Theses Doctoral

# A Geometric Approach to Dynamical System: Global Analysis for Non-Convex Optimization

Xu, Ji

Non-convex optimization often plays an important role in many machine learning problems. Study the existing algorithms that aim to solve the non-convex optimization problems can help us understand the optimization problem itself and may shed light on developing more effective algorithms or methods. In this thesis, we study two popular non-convex optimization problems along with two popular algorithms.

The first pair is maximum likelihood estimation with the expectation maximization algorithm. Expectation Maximization (EM) is among the most popular algorithms for estimating parameters of statistical models. However, EM, which is an iterative algorithm based on the maximum likelihood principle, is generally only guaranteed to find stationary points of the likelihood objective, and these points may be far from any maximizer. We address this disconnect between the statistical principles behind EM and its algorithmic properties.

Specifically, we provide a global analysis of EM for specific models in which the observations comprise an i.i.d.~sample from a mixture of two Gaussians. This is achieved by (i) studying the sequence of parameters from idealized execution of EM in the infinite sample limit, and fully characterizing the limit points of the sequence in terms of the initial parameters; and then (ii) based on this convergence analysis, establishing statistical consistency (or lack thereof) for the actual sequence of parameters produced by EM.
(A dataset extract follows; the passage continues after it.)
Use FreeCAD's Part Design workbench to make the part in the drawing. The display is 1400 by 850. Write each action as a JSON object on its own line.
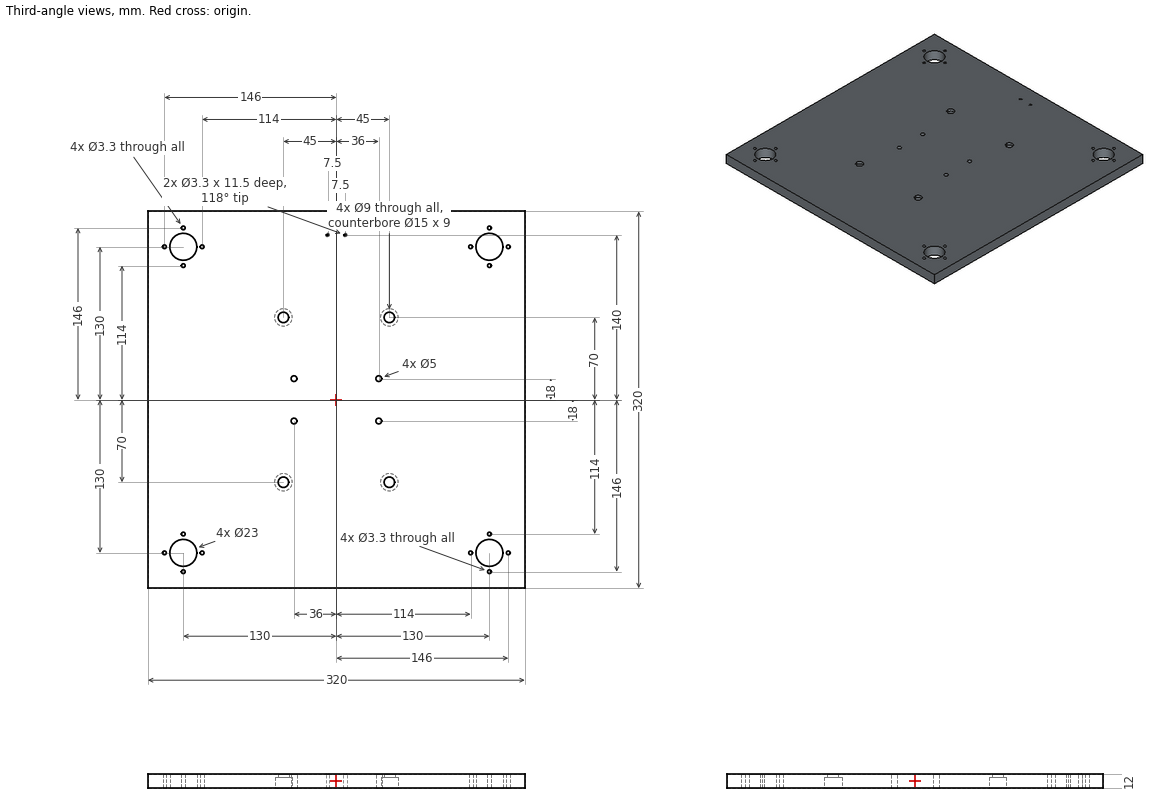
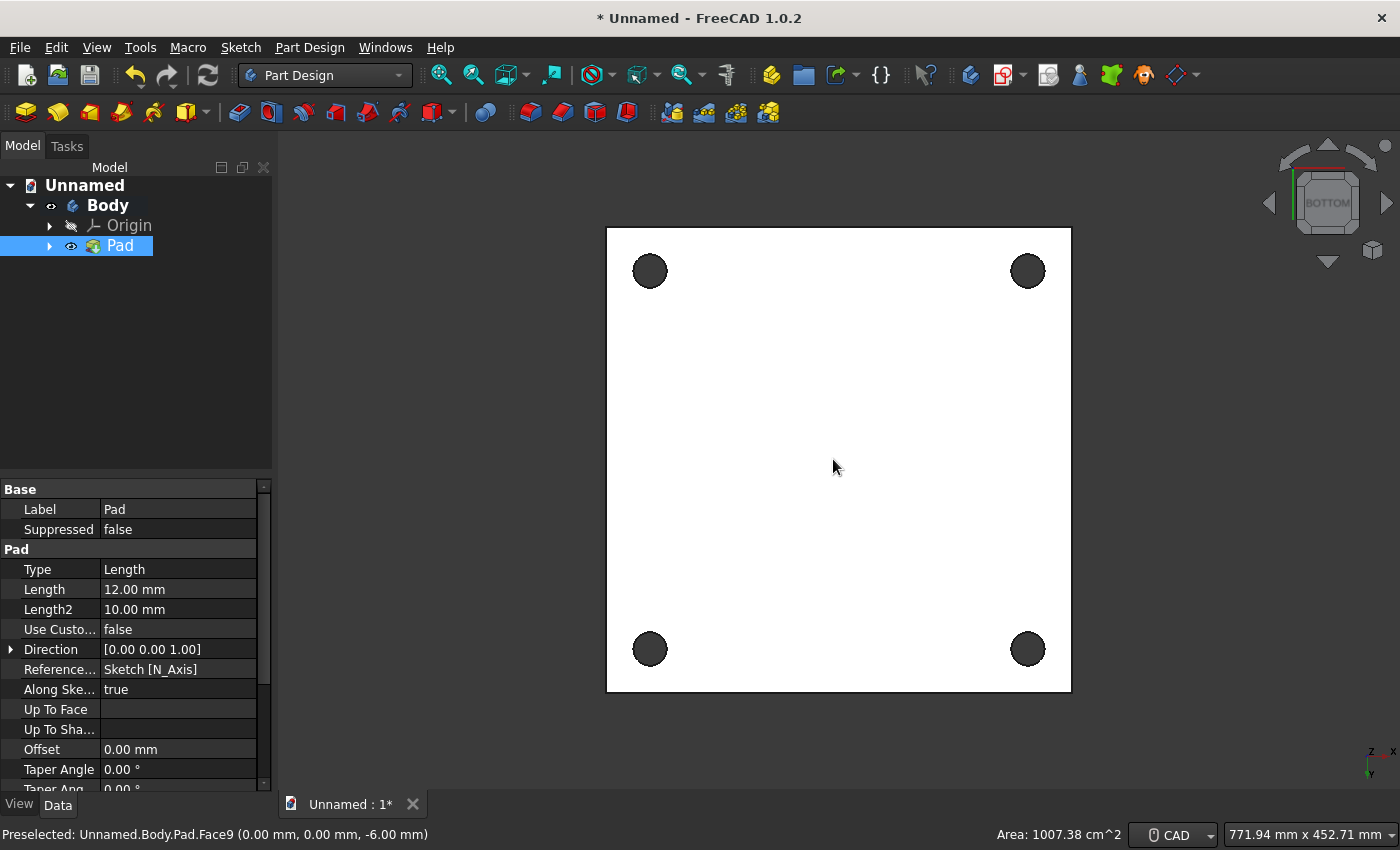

The second pair is phase retrieval problem with approximate message passing algorithm. Specifically, we consider an $\ell_2$-regularized non-convex optimization problem for recovering signals from their noisy phaseless observations. We design and study the performance of a message passing algorithm that aims to solve this optimization problem. We consider the asymptotic setting $m,n \rightarrow \infty$, $m/n \rightarrow \delta$ and obtain sharp performance bounds, where $m$ is the number of measurements and $n$ is the signal dimension. We show that for complex signals the algorithm can perform accurate recovery with only $m= \frac{64}{\pi^2}-4 \approx 2.5n$ measurements. The sharp analyses in this paper enable us to compare the performance of our method with other phase recovery schemes.

Finally, the convergence analysis of the iterative algorithms are done by a geometric approach to dynamical systems. By analyzing the movements from iteration to iteration, we provide a general tool that can show global convergence for many two dimensional dynamical systems. We hope this can shed light on convergence analysis for general dynamical systems.